Я запустил свой дневник, а в это время события шли бурным и усиленным темпом. 2 февр. произошла грандиозная демонстрация в Киеве. Рабочие и студенты запрудили улицы, выкидывали знамена (‘Долой самодержавие!’), вступали в драку с полицией и казаками. Студенческий мундир уже становится своего рода бытовым явлением наряду с блузами и простой одеждой рабочих. Как всегда, толпа манифестантов усиливается толпой нейтральных и любопытных, часто не понимающих в чем дело. Выростает также особый тип городских уличных ‘гаменов’, веселая толпа подростков, которые из удальства и шалости кричат ‘долой самодержавие’ и приучаются шмыгать между ногами лошадей. Для них это веселая игра, но они вырастут в этой игре и впоследствии внесут свою долю бессознательного и механического в уличные движения. Это — толпа без идеи, без собственных стремлений, которая во Франции участвовала во всех свалках и бегала с одинаковым любопытством на Гревскую площадь, смотреть казни ‘аристократов’ или жирондистов. У нас, конечно, не дойдет до т_а_к_и_х сцен, но все-же, подавляя всякое сознательное ‘стремление в народных массах, близорукие ‘командующие’ — готовят именно революционные ‘рефлексы’.
Вскоре после этого приехала из Киева наша бывшая горничная. Она сама случайно попала в толпу и очень испугалась. Брат ее — жандарм (он не посмел идти беспокойными улицами и пошел обходом). Сама она из казачьей семьи (козаки самый консервативный элемент в Малороссии). Она читает книги, девушка не глупая, жила у нас около года. Но ее представление о том, что происходило у нее на глазах, — совершенно смутное.
— Чего-же они хотят, — о чем кричали? — спросил я у нее, когда она в кухне рассказывала о виденном в Киеве.
— Та бог знает… Я не знаю.
— Ну, все таки, как вы думаете?..
— Да говорят, будто хочут, чтобы не было богатых и бедных и чтобы не было начальства.
Это было единственно — определенное, что она могла сказать. В ответе было простое, об’ективное сообщение, с некоторой эмоцией и значительным недоумением перед явлением.

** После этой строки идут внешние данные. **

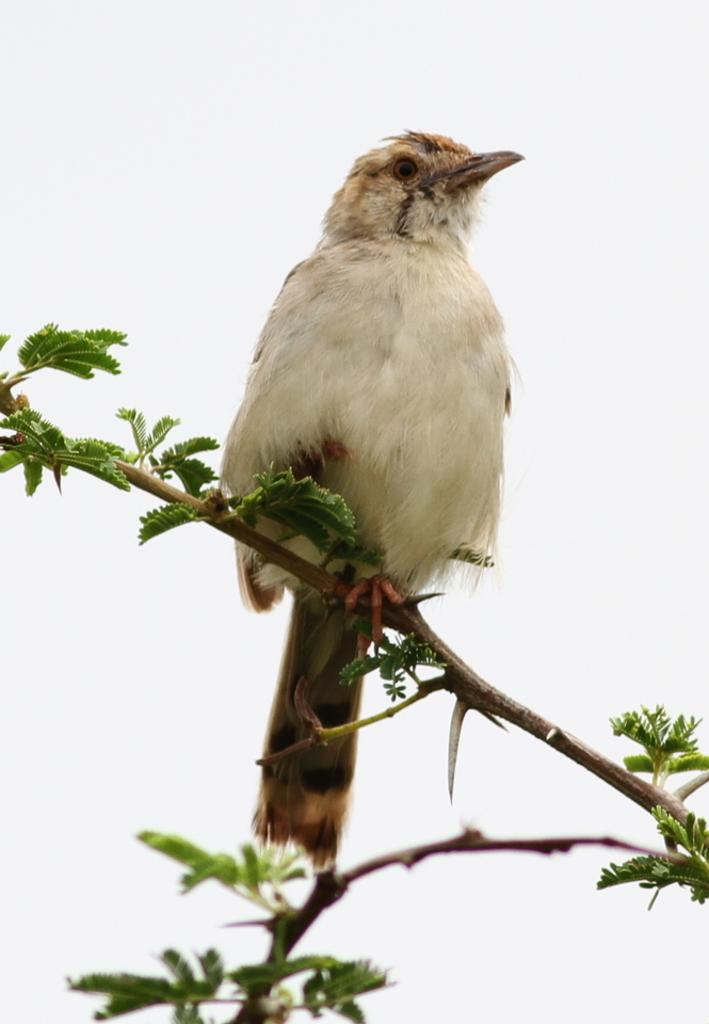What type of animal can be seen in the image? There is a bird in the image. Where is the bird located? The bird is on a wooden branch. What color is the background of the image? The background of the image is white. What type of pocket can be seen on the bird in the image? There is no pocket visible on the bird in the image. Can you tell me how many kitties are playing with the bird in the image? There are no kitties present in the image; it only features a bird on a wooden branch.

— Как-же это можно, чтобы совсем без начальства?— спросил я опять.
— Да я не знаю.
С этим неопределенным взглядом на цели и стремления городского движения она и уехала к себе в деревню. И деревня получает эти сведения от сотен снующих между нею и городом людей, которые все привозят фактические сообщения, такие-же волнующие и такие-же смутные. Деревне трудно, деревне уже не в мочь, а тут где-то идет шум, люди хотят, ‘чтобы все были равные’.
И эти люди называются ‘студенты’.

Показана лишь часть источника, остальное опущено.